• [AIM OF THE TASK]: Find every line below with "pixels" in it and give only how many there are.

(Data items)

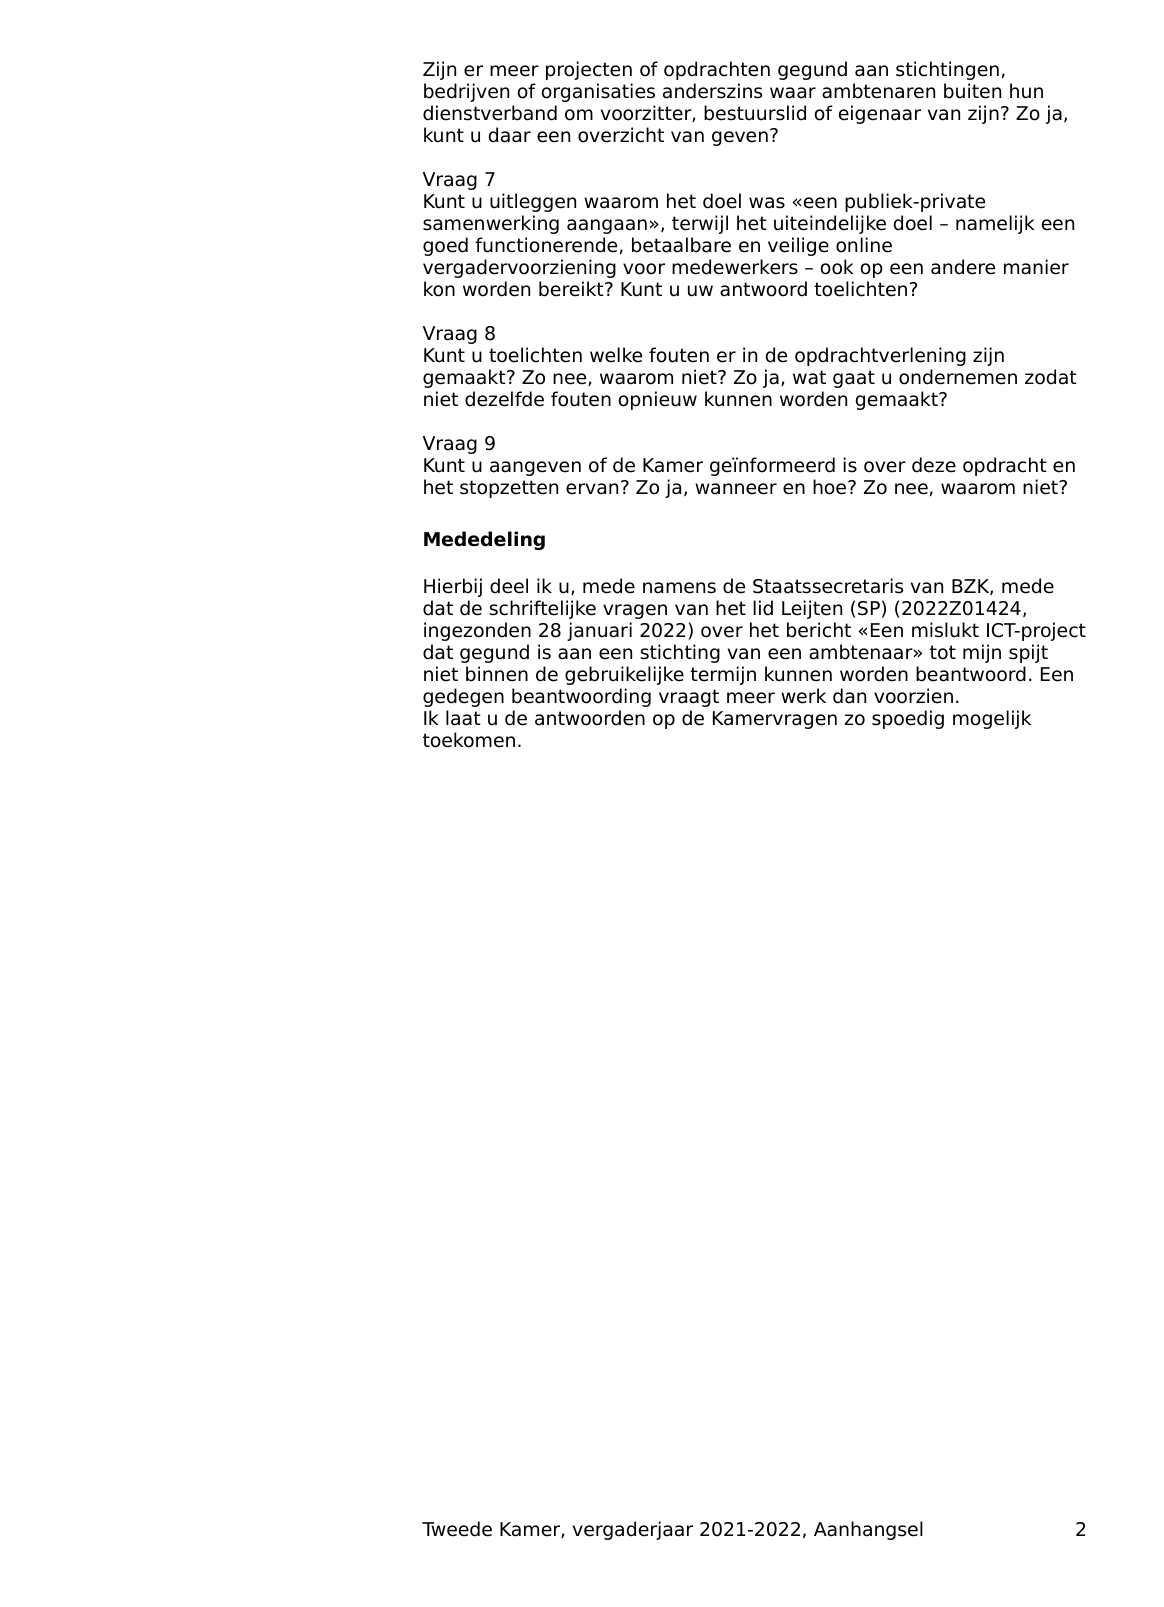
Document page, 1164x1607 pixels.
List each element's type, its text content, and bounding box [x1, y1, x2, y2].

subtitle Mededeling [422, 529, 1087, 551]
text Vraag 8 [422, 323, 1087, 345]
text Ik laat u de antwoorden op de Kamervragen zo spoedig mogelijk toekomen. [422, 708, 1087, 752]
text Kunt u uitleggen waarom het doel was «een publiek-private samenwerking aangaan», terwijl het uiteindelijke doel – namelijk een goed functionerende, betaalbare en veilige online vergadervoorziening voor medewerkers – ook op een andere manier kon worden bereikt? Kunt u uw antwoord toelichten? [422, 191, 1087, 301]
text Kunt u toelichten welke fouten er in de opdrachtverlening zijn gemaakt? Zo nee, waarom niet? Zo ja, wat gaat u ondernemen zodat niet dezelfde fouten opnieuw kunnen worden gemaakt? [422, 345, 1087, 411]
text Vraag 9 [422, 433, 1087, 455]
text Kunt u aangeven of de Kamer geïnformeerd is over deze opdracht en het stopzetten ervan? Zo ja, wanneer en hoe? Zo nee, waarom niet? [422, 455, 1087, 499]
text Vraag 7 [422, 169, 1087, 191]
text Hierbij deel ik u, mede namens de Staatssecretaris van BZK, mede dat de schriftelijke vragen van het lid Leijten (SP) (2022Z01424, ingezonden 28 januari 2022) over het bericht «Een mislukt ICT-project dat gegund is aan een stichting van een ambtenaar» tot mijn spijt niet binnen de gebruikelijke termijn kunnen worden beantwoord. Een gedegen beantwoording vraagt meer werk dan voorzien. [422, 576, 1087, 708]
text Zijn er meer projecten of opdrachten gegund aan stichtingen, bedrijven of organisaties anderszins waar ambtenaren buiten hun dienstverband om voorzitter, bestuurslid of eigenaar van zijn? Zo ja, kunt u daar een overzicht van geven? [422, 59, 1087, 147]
==
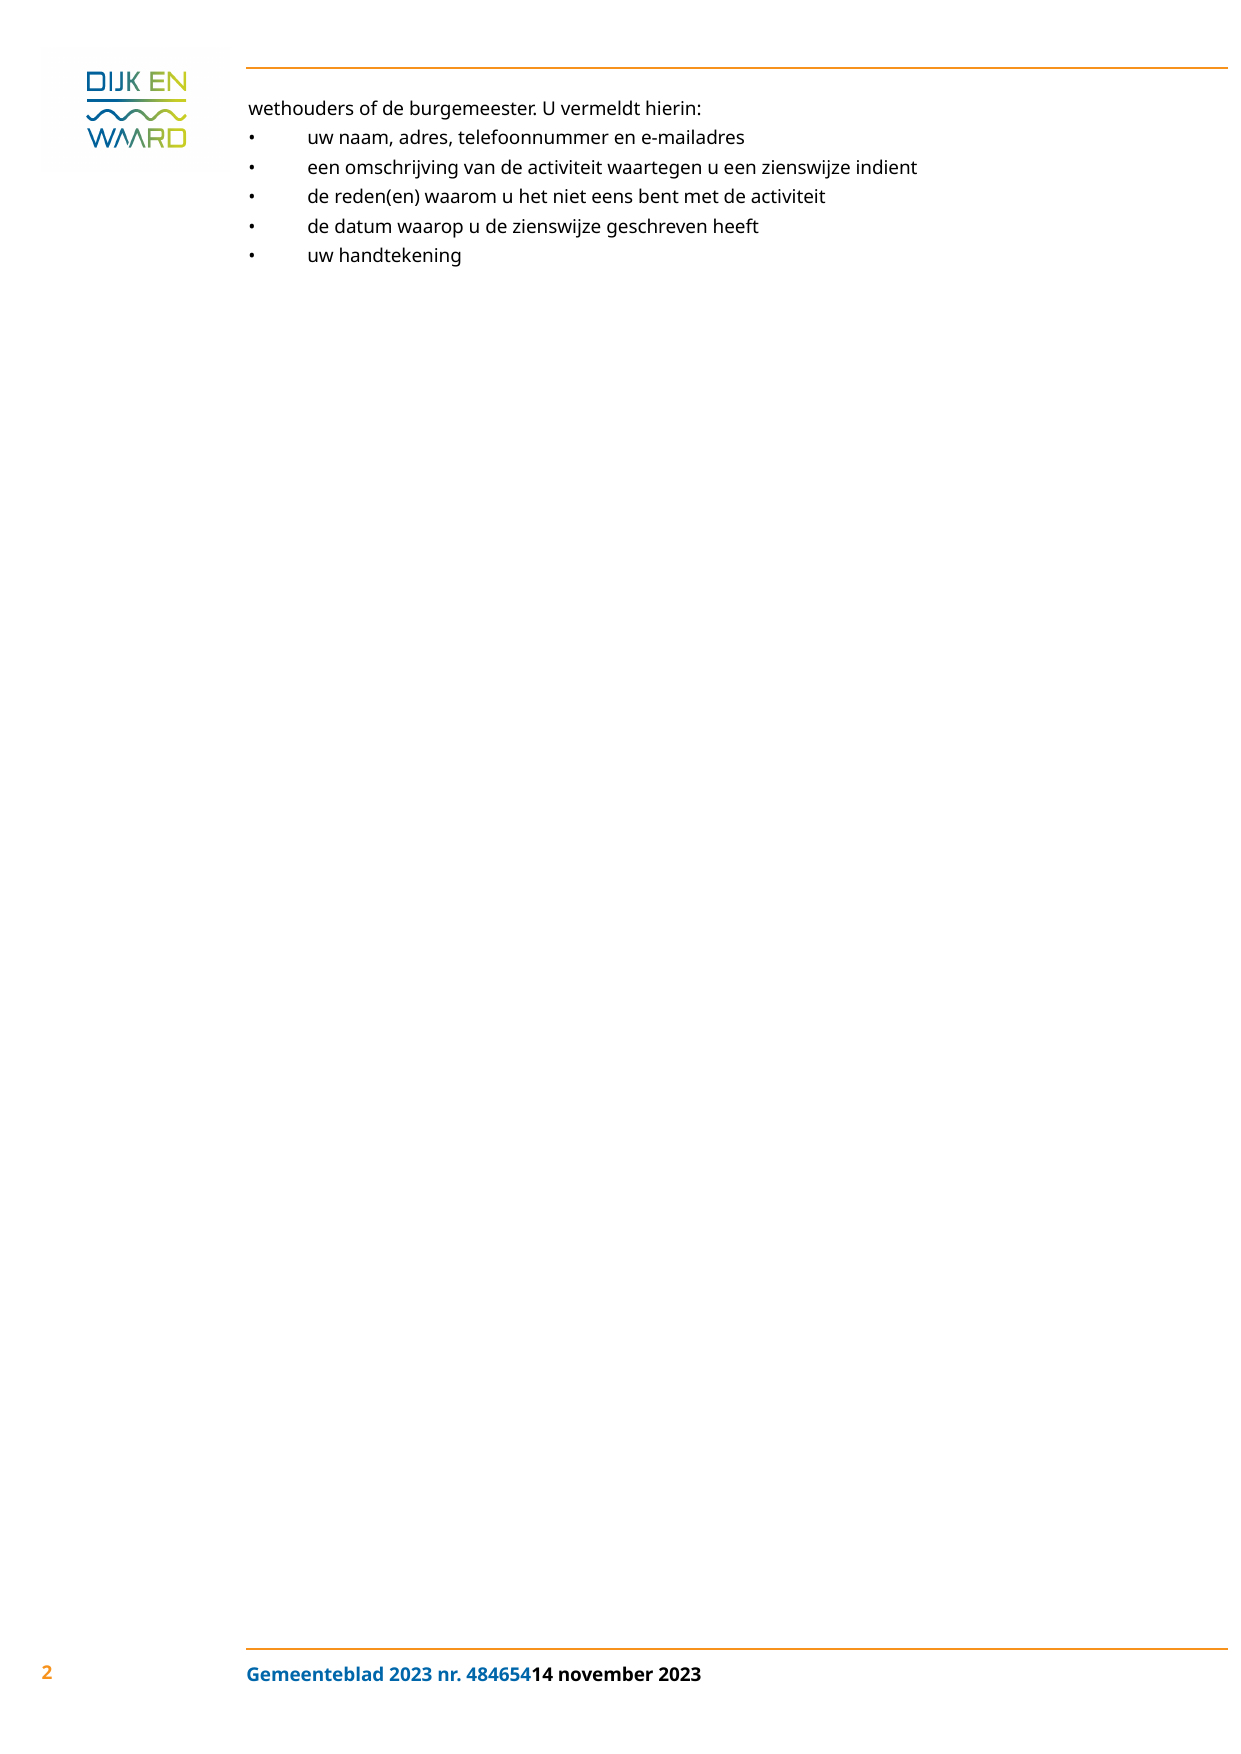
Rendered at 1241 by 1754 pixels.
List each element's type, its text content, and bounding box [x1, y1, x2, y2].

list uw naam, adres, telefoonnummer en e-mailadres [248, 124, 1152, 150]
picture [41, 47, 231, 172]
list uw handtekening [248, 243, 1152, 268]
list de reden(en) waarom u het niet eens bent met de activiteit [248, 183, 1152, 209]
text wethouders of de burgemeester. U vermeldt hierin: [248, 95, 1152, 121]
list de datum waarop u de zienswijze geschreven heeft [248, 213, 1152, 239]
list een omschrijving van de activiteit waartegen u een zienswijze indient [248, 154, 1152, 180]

• [EXPECTED ANSWER]: 2